The public will once again be able to access Anthropic’s powerful Fable 5 model, the AI giant said Tuesday, weeks after the Commerce Department required the company to disable the model over potential security risks.
Access will be restored to customers beginning Wednesday, Anthropic said.
Fable 5, part of Anthropic’s Claude family of AI systems, was forced offline June 12 alongside its sibling Mythos 5 model after senior administration officials said that the models posed severe cybersecurity risks and that Anthropic’s leadership did not sufficiently recognize their concerns.
Commerce Secretary Howard Lutnick sent a letter Tuesday informing Anthropic co-founder Tom Brown of the decision, citing Anthropic’s close coordination and cooperation with government officials to address risks associated with its models.
In the letter, seen by NBC News, Lutnick said that Anthropic agreed to continue collaborating “on protocols and standards and releases for Mythos, Fable, and future models” and “to inform the U.S. government of any malicious activity.”
Writing on X Tuesday evening, Anthropic thanked its users for their patience and said it would soon share a further update.

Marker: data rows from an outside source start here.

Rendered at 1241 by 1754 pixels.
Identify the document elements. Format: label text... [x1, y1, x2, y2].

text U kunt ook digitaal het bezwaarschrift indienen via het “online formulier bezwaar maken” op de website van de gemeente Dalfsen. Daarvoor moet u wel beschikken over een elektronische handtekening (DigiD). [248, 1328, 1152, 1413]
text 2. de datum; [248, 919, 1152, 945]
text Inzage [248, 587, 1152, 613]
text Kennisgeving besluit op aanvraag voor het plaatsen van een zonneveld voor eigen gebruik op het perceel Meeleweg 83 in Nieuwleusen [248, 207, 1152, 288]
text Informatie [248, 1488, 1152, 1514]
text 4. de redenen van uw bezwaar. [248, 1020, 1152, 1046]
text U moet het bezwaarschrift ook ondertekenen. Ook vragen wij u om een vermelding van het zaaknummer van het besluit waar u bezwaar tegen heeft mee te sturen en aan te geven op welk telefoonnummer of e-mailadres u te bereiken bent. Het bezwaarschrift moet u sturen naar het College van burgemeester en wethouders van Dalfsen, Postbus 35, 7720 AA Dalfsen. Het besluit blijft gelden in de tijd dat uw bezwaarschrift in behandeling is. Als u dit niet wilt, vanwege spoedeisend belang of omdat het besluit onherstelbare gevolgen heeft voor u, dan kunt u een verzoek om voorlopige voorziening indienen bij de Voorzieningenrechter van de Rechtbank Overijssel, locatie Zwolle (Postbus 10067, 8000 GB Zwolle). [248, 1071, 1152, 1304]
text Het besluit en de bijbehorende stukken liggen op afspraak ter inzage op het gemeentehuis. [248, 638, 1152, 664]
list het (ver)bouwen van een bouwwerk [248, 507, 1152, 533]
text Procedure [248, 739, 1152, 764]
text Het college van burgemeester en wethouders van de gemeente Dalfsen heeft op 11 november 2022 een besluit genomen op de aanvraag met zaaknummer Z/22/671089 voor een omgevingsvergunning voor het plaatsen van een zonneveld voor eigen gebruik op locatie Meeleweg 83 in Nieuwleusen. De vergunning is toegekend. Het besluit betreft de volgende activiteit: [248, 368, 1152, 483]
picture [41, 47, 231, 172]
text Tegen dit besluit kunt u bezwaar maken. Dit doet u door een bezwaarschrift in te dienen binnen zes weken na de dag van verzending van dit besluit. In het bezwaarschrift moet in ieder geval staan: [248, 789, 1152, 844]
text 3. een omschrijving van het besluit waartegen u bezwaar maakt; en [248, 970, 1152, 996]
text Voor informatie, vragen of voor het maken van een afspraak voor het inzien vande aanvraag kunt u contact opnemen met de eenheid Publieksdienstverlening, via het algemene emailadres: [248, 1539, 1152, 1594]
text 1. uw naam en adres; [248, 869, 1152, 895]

Lutnick confirmed that the ban on Fable 5 would be lifted in a separate post on X.
“Over the past two weeks, we have worked closely with Anthropic to analyze and approve Fable 5 to ensure alignment across the US Government and strengthen America’s leadership in AI,” he wrote.
The move to allow Fable 5 back online represents the latest step in the federal government’s fast-evolving approach to regulating AI capabilities.
On June 9, Anthropic debuted Fable 5 and Mythos 5, the most powerful systems it has ever publicly released. Both were built on the same technological foundation, but only Fable 5 was made available to the general public.
Fable 5 included guardrails that prevented the AI system from assisting with a wide range of cybersecurity- and biology-related tasks. The company said those measures were in place because of bad actors who use powerful AI systems for malicious cyber- and biology purposes.
However, senior administration officials became worried that users might be able to circumvent Fable 5’s guardrails — though experts disagreed over the severity of the risk.
Citing a potential risk to national security, Lutnick told Anthropic he would enact export controls preventing any foreign national from accessing the model. To comply with the order, Anthropic was forced to take both models offline June 12.
Anthropic then dispatched a team of its top scientists to Washington D.C. to hammer out a solution with government officials.
After two weeks of negotiations, Lutnick announced Friday that Mythos 5 would be allowed back online to around 100 trusted organizations that work on cybersecurity and infrastructure efforts. Lutnick cited Anthropic’s cooperation with the government as a key reason for the detente.
In the weeks since Fable 5 and Mythos 5 were forced out of commission, industry leaders and experts became increasingly worried that the ad-hoc ban would threaten America’s AI lead against China.
Sam Altman, the CEO of Anthropic competitor OpenAI, labelled the government’s desire for AI companies to launch their models in phases, with direct government approval for which organizations can access the most powerful systems, as “bad news.”
President Donald Trump signed an executive order targeting the cybersecurity impacts of advanced AI models at the beginning of June. The order aimed to create a voluntary mechanism for AI companies to give the government early access to their most advanced systems, allowing officials to vet the models for security risks before their public release.